First off, burning BW smells wonderful. I've cooked over open BW fires for years and never had an issue. The smoke adds a nice earthy sweetness to beef and pork. I've never used it in a smoker, I have apple for that. It's a smokier wood (though not as bad as Doug Fir or Lodgepole that we have here) in a stove, but coals nicely and doesn't keep you up all night popping and snapping like softwoods. Ironically, it leaves so damn much fluffy ash by itself that I usually have to mix it with poppy and snappy wood just so the ash will be powdered and pulverized, otherwise I'd have to empty the pan twice a day.

Splitting wise, I'm completely alien to the notion that it is difficult. Even the forked, knotty rounds seem to fly apart after sitting in the sun for a month or 2. It takes me a third of the time to split a 12"x18" round of average BW with my axe than it does a similarly sized round of Fir. I would dare say that it is easier than Lodgepole. Around here, you often see clusters or long lines (along any waterway) of BW trees, and they tend to grow upwards instead of outwards, so the grain of the wood is better in that regard. Even canopy trees are not that hard to split.

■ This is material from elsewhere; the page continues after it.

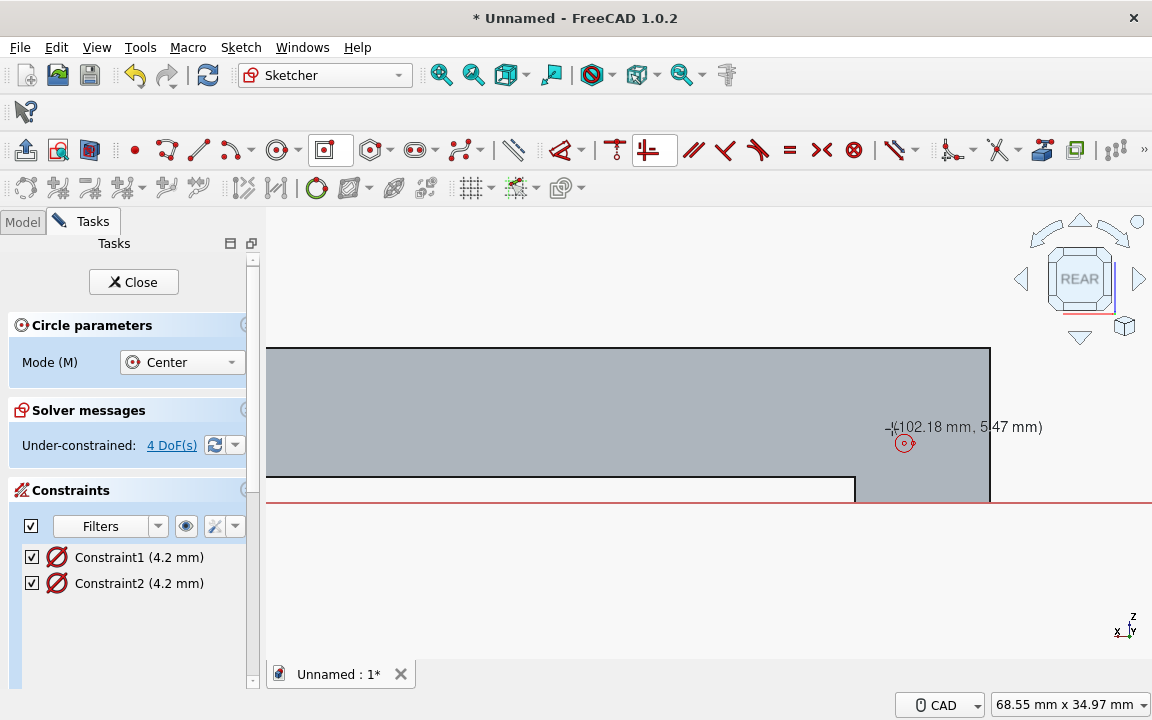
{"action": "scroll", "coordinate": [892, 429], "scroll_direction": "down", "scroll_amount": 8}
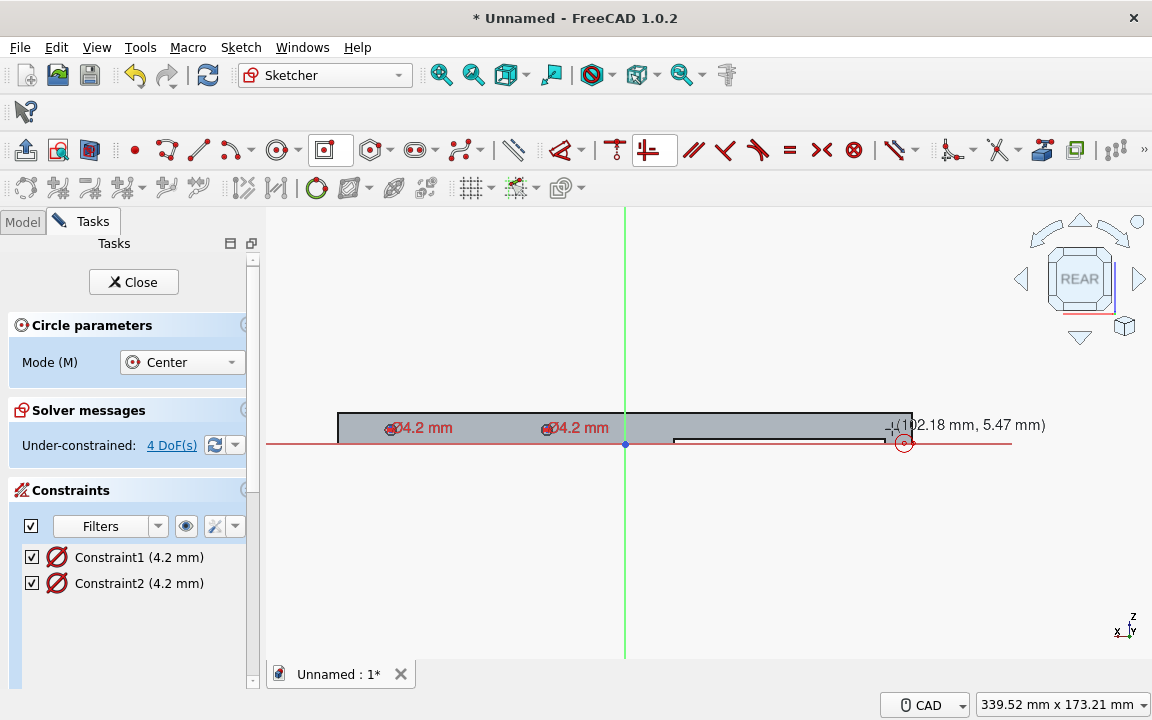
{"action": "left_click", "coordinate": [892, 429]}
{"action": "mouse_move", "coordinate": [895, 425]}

Call me crazy, but I love the stuff. I wish black locust was this easy to work with. I think there are about 4 people in Idaho that know locust is great wood. Maybe 7 or 8 seem to know about walnut.


----------



## PA. Woodsman (Aug 9, 2017)

Black Walnut is pretty good stuff, lots around here in PA. But what I noticed is with a thread this old how many people posted on here that we don't see anymore, what happened to Lumber-jack and smokinj and other people, we need to send out a search party?!


----------



## Dobish (Aug 9, 2017)

i have some that might get burned this year, but it is in the back of the pile, so it will probably be 2019 by the time I get to it. I hope it isn't too dry!


----------